GitLab Dependency Proxy Registry Caching Prompt
Use GitLab's Dependency Proxy to cache upstream container images and avoid Docker Hub rate limits and slow pulls in CI jobs and the Kubernetes executor.
- Target user
- platform engineers maintaining GitLab runners and pipelines
- Difficulty
- Intermediate
- Tools
- Claude, ChatGPT
The prompt
You are a senior CI/CD platform engineer who has eliminated Docker Hub rate-limit failures by routing all CI image pulls through GitLab's Dependency Proxy.
I will provide:
- Where my jobs pull base images from today (Docker Hub directly, a mirror, mixed)
- My runner executor (docker, kubernetes, shell) and whether pull-through is configured
- My GitLab tier and whether the group-level Dependency Proxy is enabled
Your job:
1. **Diagnose the pain** — confirm whether failures are rate limits (`toomanyrequests`), latency, or registry outages, and which the Dependency Proxy actually fixes.
2. **Enable the proxy** — give the group setting path and the `${CI_DEPENDENCY_PROXY_GROUP_IMAGE_PREFIX}` rewrite for `image:` and `services:` in `.gitlab-ci.yml`.
3. **Authenticate cleanly** — show the predefined `$CI_DEPENDENCY_PROXY_*` token usage so jobs auth to the proxy without hardcoded credentials.
4. **Wire the executor** — for the Kubernetes/Docker executor, configure pull-through or `helper_image` and `imagePullSecrets` so even infra images come through the proxy.
5. **Manage cache lifecycle** — explain TTL/cleanup policies, storage growth, and how stale-but-pinned digests behave.

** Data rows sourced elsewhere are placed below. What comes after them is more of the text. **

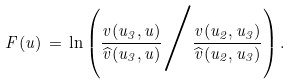<formula> <loc_0><loc_0><loc_500><loc_500>F ( u ) \, = \, \ln \left ( \frac { v ( u _ { 3 } , u ) } { \widehat { v } ( u _ { 3 } , u ) } \Big / \frac { v ( u _ { 2 } , u _ { 3 } ) } { \widehat { v } ( u _ { 2 } , u _ { 3 } ) } \right ) .</formula> 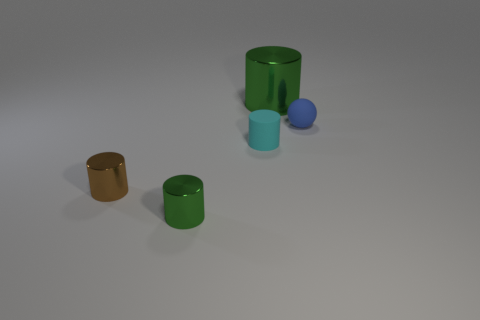How many tiny objects are metal cylinders or metallic cubes? In the image, there are a total of two objects that could be perceived as metal cylinders or metallic cubes based on their shapes and reflective surfaces. 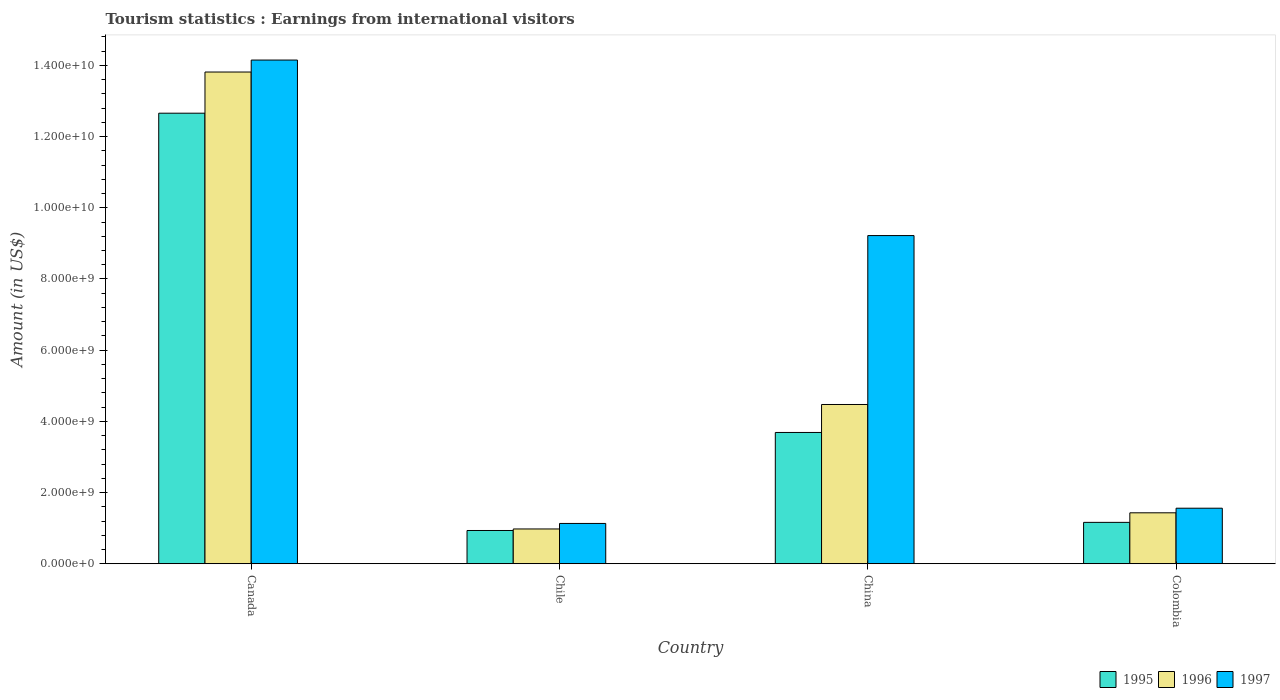How many groups of bars are there?
Your answer should be very brief. 4. Are the number of bars on each tick of the X-axis equal?
Make the answer very short. Yes. What is the label of the 3rd group of bars from the left?
Offer a terse response. China. What is the earnings from international visitors in 1996 in Canada?
Your response must be concise. 1.38e+1. Across all countries, what is the maximum earnings from international visitors in 1996?
Offer a terse response. 1.38e+1. Across all countries, what is the minimum earnings from international visitors in 1996?
Offer a terse response. 9.77e+08. In which country was the earnings from international visitors in 1996 minimum?
Give a very brief answer. Chile. What is the total earnings from international visitors in 1996 in the graph?
Provide a short and direct response. 2.07e+1. What is the difference between the earnings from international visitors in 1997 in Chile and that in Colombia?
Keep it short and to the point. -4.28e+08. What is the difference between the earnings from international visitors in 1997 in Canada and the earnings from international visitors in 1995 in China?
Offer a terse response. 1.05e+1. What is the average earnings from international visitors in 1996 per country?
Provide a short and direct response. 5.17e+09. What is the difference between the earnings from international visitors of/in 1997 and earnings from international visitors of/in 1996 in Chile?
Your response must be concise. 1.55e+08. In how many countries, is the earnings from international visitors in 1996 greater than 3200000000 US$?
Keep it short and to the point. 2. What is the ratio of the earnings from international visitors in 1996 in Canada to that in Chile?
Offer a terse response. 14.14. Is the difference between the earnings from international visitors in 1997 in China and Colombia greater than the difference between the earnings from international visitors in 1996 in China and Colombia?
Provide a short and direct response. Yes. What is the difference between the highest and the second highest earnings from international visitors in 1997?
Make the answer very short. 4.93e+09. What is the difference between the highest and the lowest earnings from international visitors in 1997?
Provide a succinct answer. 1.30e+1. In how many countries, is the earnings from international visitors in 1995 greater than the average earnings from international visitors in 1995 taken over all countries?
Your response must be concise. 1. What does the 1st bar from the left in Colombia represents?
Offer a very short reply. 1995. What does the 2nd bar from the right in Canada represents?
Make the answer very short. 1996. Is it the case that in every country, the sum of the earnings from international visitors in 1995 and earnings from international visitors in 1997 is greater than the earnings from international visitors in 1996?
Provide a short and direct response. Yes. How many bars are there?
Offer a very short reply. 12. How many countries are there in the graph?
Your response must be concise. 4. Are the values on the major ticks of Y-axis written in scientific E-notation?
Ensure brevity in your answer.  Yes. Does the graph contain any zero values?
Ensure brevity in your answer.  No. Where does the legend appear in the graph?
Offer a very short reply. Bottom right. How many legend labels are there?
Your response must be concise. 3. How are the legend labels stacked?
Your response must be concise. Horizontal. What is the title of the graph?
Provide a short and direct response. Tourism statistics : Earnings from international visitors. Does "1965" appear as one of the legend labels in the graph?
Give a very brief answer. No. What is the label or title of the Y-axis?
Provide a short and direct response. Amount (in US$). What is the Amount (in US$) of 1995 in Canada?
Ensure brevity in your answer.  1.27e+1. What is the Amount (in US$) in 1996 in Canada?
Offer a very short reply. 1.38e+1. What is the Amount (in US$) of 1997 in Canada?
Offer a very short reply. 1.42e+1. What is the Amount (in US$) of 1995 in Chile?
Offer a very short reply. 9.34e+08. What is the Amount (in US$) of 1996 in Chile?
Provide a short and direct response. 9.77e+08. What is the Amount (in US$) of 1997 in Chile?
Offer a terse response. 1.13e+09. What is the Amount (in US$) of 1995 in China?
Offer a terse response. 3.69e+09. What is the Amount (in US$) in 1996 in China?
Your answer should be very brief. 4.47e+09. What is the Amount (in US$) of 1997 in China?
Make the answer very short. 9.22e+09. What is the Amount (in US$) in 1995 in Colombia?
Your response must be concise. 1.16e+09. What is the Amount (in US$) in 1996 in Colombia?
Offer a very short reply. 1.43e+09. What is the Amount (in US$) of 1997 in Colombia?
Provide a succinct answer. 1.56e+09. Across all countries, what is the maximum Amount (in US$) in 1995?
Offer a terse response. 1.27e+1. Across all countries, what is the maximum Amount (in US$) in 1996?
Offer a very short reply. 1.38e+1. Across all countries, what is the maximum Amount (in US$) of 1997?
Keep it short and to the point. 1.42e+1. Across all countries, what is the minimum Amount (in US$) in 1995?
Give a very brief answer. 9.34e+08. Across all countries, what is the minimum Amount (in US$) in 1996?
Provide a succinct answer. 9.77e+08. Across all countries, what is the minimum Amount (in US$) of 1997?
Keep it short and to the point. 1.13e+09. What is the total Amount (in US$) of 1995 in the graph?
Make the answer very short. 1.84e+1. What is the total Amount (in US$) of 1996 in the graph?
Keep it short and to the point. 2.07e+1. What is the total Amount (in US$) of 1997 in the graph?
Make the answer very short. 2.61e+1. What is the difference between the Amount (in US$) in 1995 in Canada and that in Chile?
Offer a very short reply. 1.17e+1. What is the difference between the Amount (in US$) in 1996 in Canada and that in Chile?
Your response must be concise. 1.28e+1. What is the difference between the Amount (in US$) in 1997 in Canada and that in Chile?
Provide a short and direct response. 1.30e+1. What is the difference between the Amount (in US$) of 1995 in Canada and that in China?
Provide a succinct answer. 8.97e+09. What is the difference between the Amount (in US$) of 1996 in Canada and that in China?
Offer a terse response. 9.34e+09. What is the difference between the Amount (in US$) of 1997 in Canada and that in China?
Provide a short and direct response. 4.93e+09. What is the difference between the Amount (in US$) in 1995 in Canada and that in Colombia?
Your response must be concise. 1.15e+1. What is the difference between the Amount (in US$) in 1996 in Canada and that in Colombia?
Your answer should be very brief. 1.24e+1. What is the difference between the Amount (in US$) in 1997 in Canada and that in Colombia?
Make the answer very short. 1.26e+1. What is the difference between the Amount (in US$) of 1995 in Chile and that in China?
Keep it short and to the point. -2.75e+09. What is the difference between the Amount (in US$) in 1996 in Chile and that in China?
Provide a short and direct response. -3.50e+09. What is the difference between the Amount (in US$) in 1997 in Chile and that in China?
Your answer should be compact. -8.09e+09. What is the difference between the Amount (in US$) in 1995 in Chile and that in Colombia?
Your response must be concise. -2.28e+08. What is the difference between the Amount (in US$) in 1996 in Chile and that in Colombia?
Your answer should be compact. -4.54e+08. What is the difference between the Amount (in US$) in 1997 in Chile and that in Colombia?
Make the answer very short. -4.28e+08. What is the difference between the Amount (in US$) of 1995 in China and that in Colombia?
Offer a very short reply. 2.53e+09. What is the difference between the Amount (in US$) of 1996 in China and that in Colombia?
Offer a terse response. 3.04e+09. What is the difference between the Amount (in US$) in 1997 in China and that in Colombia?
Your answer should be compact. 7.66e+09. What is the difference between the Amount (in US$) of 1995 in Canada and the Amount (in US$) of 1996 in Chile?
Give a very brief answer. 1.17e+1. What is the difference between the Amount (in US$) of 1995 in Canada and the Amount (in US$) of 1997 in Chile?
Provide a short and direct response. 1.15e+1. What is the difference between the Amount (in US$) in 1996 in Canada and the Amount (in US$) in 1997 in Chile?
Ensure brevity in your answer.  1.27e+1. What is the difference between the Amount (in US$) in 1995 in Canada and the Amount (in US$) in 1996 in China?
Your answer should be very brief. 8.18e+09. What is the difference between the Amount (in US$) in 1995 in Canada and the Amount (in US$) in 1997 in China?
Provide a short and direct response. 3.44e+09. What is the difference between the Amount (in US$) in 1996 in Canada and the Amount (in US$) in 1997 in China?
Ensure brevity in your answer.  4.60e+09. What is the difference between the Amount (in US$) of 1995 in Canada and the Amount (in US$) of 1996 in Colombia?
Make the answer very short. 1.12e+1. What is the difference between the Amount (in US$) of 1995 in Canada and the Amount (in US$) of 1997 in Colombia?
Offer a very short reply. 1.11e+1. What is the difference between the Amount (in US$) of 1996 in Canada and the Amount (in US$) of 1997 in Colombia?
Offer a very short reply. 1.23e+1. What is the difference between the Amount (in US$) of 1995 in Chile and the Amount (in US$) of 1996 in China?
Make the answer very short. -3.54e+09. What is the difference between the Amount (in US$) of 1995 in Chile and the Amount (in US$) of 1997 in China?
Provide a short and direct response. -8.29e+09. What is the difference between the Amount (in US$) of 1996 in Chile and the Amount (in US$) of 1997 in China?
Your response must be concise. -8.24e+09. What is the difference between the Amount (in US$) of 1995 in Chile and the Amount (in US$) of 1996 in Colombia?
Ensure brevity in your answer.  -4.97e+08. What is the difference between the Amount (in US$) in 1995 in Chile and the Amount (in US$) in 1997 in Colombia?
Give a very brief answer. -6.26e+08. What is the difference between the Amount (in US$) in 1996 in Chile and the Amount (in US$) in 1997 in Colombia?
Your answer should be very brief. -5.83e+08. What is the difference between the Amount (in US$) in 1995 in China and the Amount (in US$) in 1996 in Colombia?
Your answer should be very brief. 2.26e+09. What is the difference between the Amount (in US$) in 1995 in China and the Amount (in US$) in 1997 in Colombia?
Provide a short and direct response. 2.13e+09. What is the difference between the Amount (in US$) of 1996 in China and the Amount (in US$) of 1997 in Colombia?
Keep it short and to the point. 2.91e+09. What is the average Amount (in US$) in 1995 per country?
Provide a succinct answer. 4.61e+09. What is the average Amount (in US$) in 1996 per country?
Your response must be concise. 5.17e+09. What is the average Amount (in US$) in 1997 per country?
Provide a succinct answer. 6.52e+09. What is the difference between the Amount (in US$) of 1995 and Amount (in US$) of 1996 in Canada?
Your answer should be compact. -1.16e+09. What is the difference between the Amount (in US$) of 1995 and Amount (in US$) of 1997 in Canada?
Make the answer very short. -1.49e+09. What is the difference between the Amount (in US$) in 1996 and Amount (in US$) in 1997 in Canada?
Make the answer very short. -3.36e+08. What is the difference between the Amount (in US$) in 1995 and Amount (in US$) in 1996 in Chile?
Provide a short and direct response. -4.30e+07. What is the difference between the Amount (in US$) in 1995 and Amount (in US$) in 1997 in Chile?
Provide a succinct answer. -1.98e+08. What is the difference between the Amount (in US$) in 1996 and Amount (in US$) in 1997 in Chile?
Your answer should be very brief. -1.55e+08. What is the difference between the Amount (in US$) in 1995 and Amount (in US$) in 1996 in China?
Offer a very short reply. -7.86e+08. What is the difference between the Amount (in US$) in 1995 and Amount (in US$) in 1997 in China?
Keep it short and to the point. -5.53e+09. What is the difference between the Amount (in US$) in 1996 and Amount (in US$) in 1997 in China?
Offer a very short reply. -4.75e+09. What is the difference between the Amount (in US$) of 1995 and Amount (in US$) of 1996 in Colombia?
Offer a terse response. -2.69e+08. What is the difference between the Amount (in US$) in 1995 and Amount (in US$) in 1997 in Colombia?
Give a very brief answer. -3.98e+08. What is the difference between the Amount (in US$) in 1996 and Amount (in US$) in 1997 in Colombia?
Provide a short and direct response. -1.29e+08. What is the ratio of the Amount (in US$) of 1995 in Canada to that in Chile?
Make the answer very short. 13.55. What is the ratio of the Amount (in US$) in 1996 in Canada to that in Chile?
Offer a terse response. 14.14. What is the ratio of the Amount (in US$) in 1997 in Canada to that in Chile?
Your answer should be compact. 12.5. What is the ratio of the Amount (in US$) of 1995 in Canada to that in China?
Give a very brief answer. 3.43. What is the ratio of the Amount (in US$) in 1996 in Canada to that in China?
Keep it short and to the point. 3.09. What is the ratio of the Amount (in US$) of 1997 in Canada to that in China?
Make the answer very short. 1.53. What is the ratio of the Amount (in US$) of 1995 in Canada to that in Colombia?
Offer a terse response. 10.89. What is the ratio of the Amount (in US$) of 1996 in Canada to that in Colombia?
Ensure brevity in your answer.  9.65. What is the ratio of the Amount (in US$) in 1997 in Canada to that in Colombia?
Provide a succinct answer. 9.07. What is the ratio of the Amount (in US$) in 1995 in Chile to that in China?
Keep it short and to the point. 0.25. What is the ratio of the Amount (in US$) of 1996 in Chile to that in China?
Offer a very short reply. 0.22. What is the ratio of the Amount (in US$) in 1997 in Chile to that in China?
Your answer should be compact. 0.12. What is the ratio of the Amount (in US$) of 1995 in Chile to that in Colombia?
Offer a terse response. 0.8. What is the ratio of the Amount (in US$) in 1996 in Chile to that in Colombia?
Provide a succinct answer. 0.68. What is the ratio of the Amount (in US$) of 1997 in Chile to that in Colombia?
Your answer should be compact. 0.73. What is the ratio of the Amount (in US$) of 1995 in China to that in Colombia?
Give a very brief answer. 3.17. What is the ratio of the Amount (in US$) of 1996 in China to that in Colombia?
Keep it short and to the point. 3.13. What is the ratio of the Amount (in US$) in 1997 in China to that in Colombia?
Your answer should be very brief. 5.91. What is the difference between the highest and the second highest Amount (in US$) in 1995?
Give a very brief answer. 8.97e+09. What is the difference between the highest and the second highest Amount (in US$) of 1996?
Provide a succinct answer. 9.34e+09. What is the difference between the highest and the second highest Amount (in US$) of 1997?
Make the answer very short. 4.93e+09. What is the difference between the highest and the lowest Amount (in US$) of 1995?
Your answer should be compact. 1.17e+1. What is the difference between the highest and the lowest Amount (in US$) in 1996?
Provide a succinct answer. 1.28e+1. What is the difference between the highest and the lowest Amount (in US$) of 1997?
Provide a short and direct response. 1.30e+1. 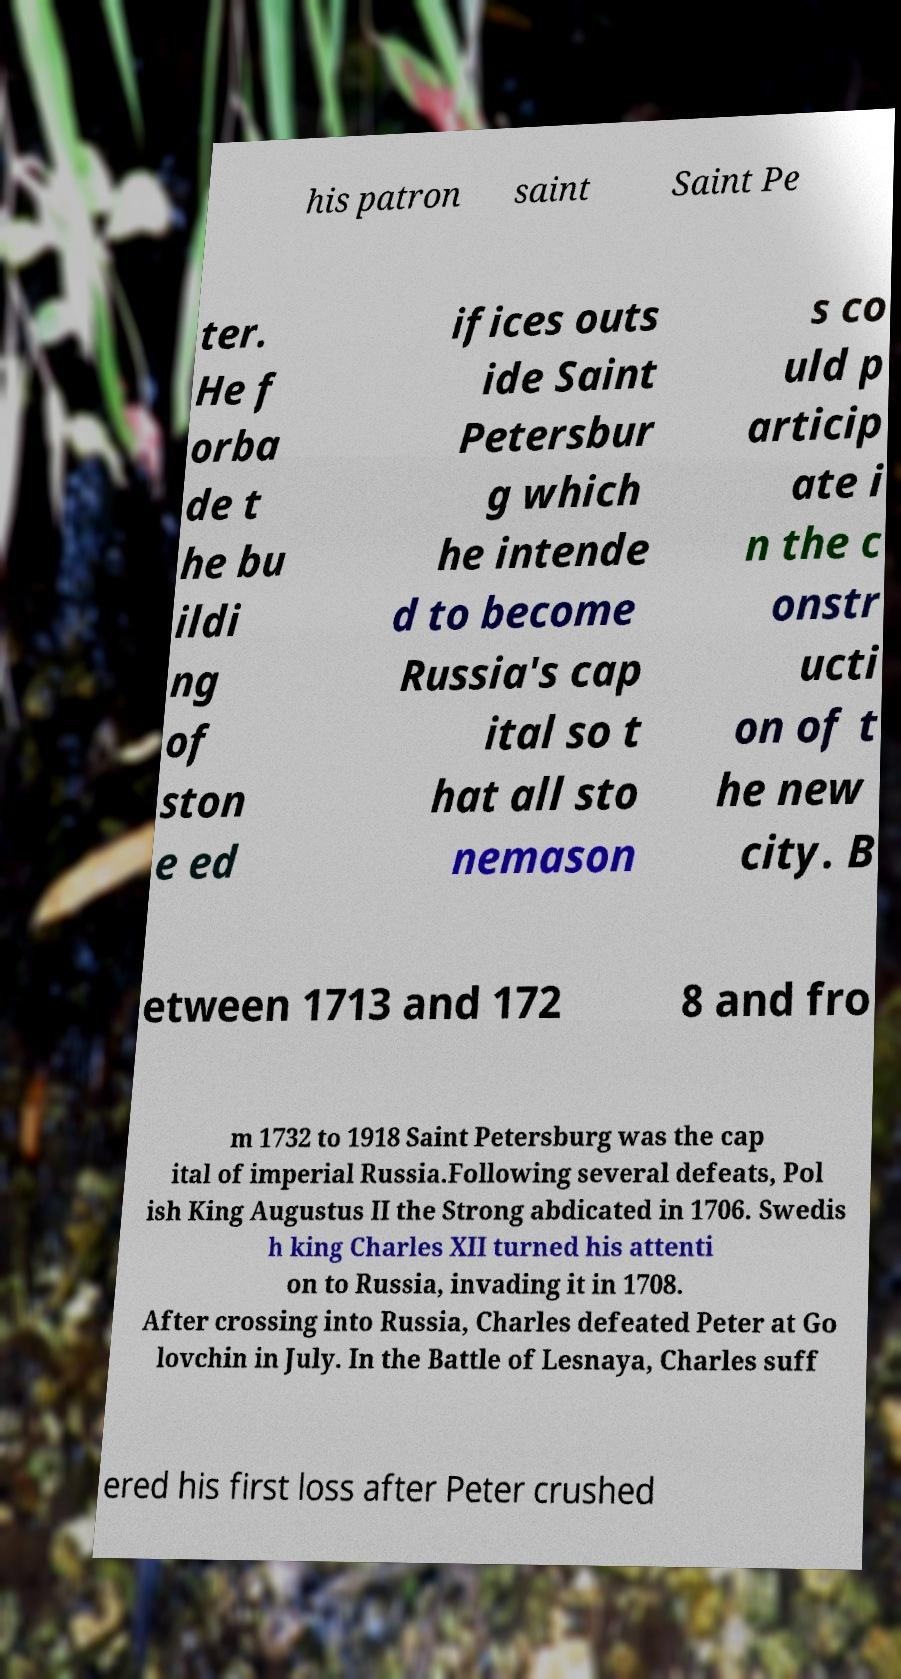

6. **Handle the gaps** — note what the proxy does NOT cover (non-Docker-Hub upstreams, private images) and when to use a separate pull-through registry or the GitLab Container Registry instead.
7. **Validate** — give a before/after test pulling a hot image and confirming the proxy serves the cached copy.
Output as: a fenced `.gitlab-ci.yml` snippet with the image-prefix rewrite, an executor-config note, and a cleanup-policy table.
Pin images by digest where reproducibility matters — the Dependency Proxy caches by tag, so a moving tag like `latest` can still serve a stale or unexpected layer.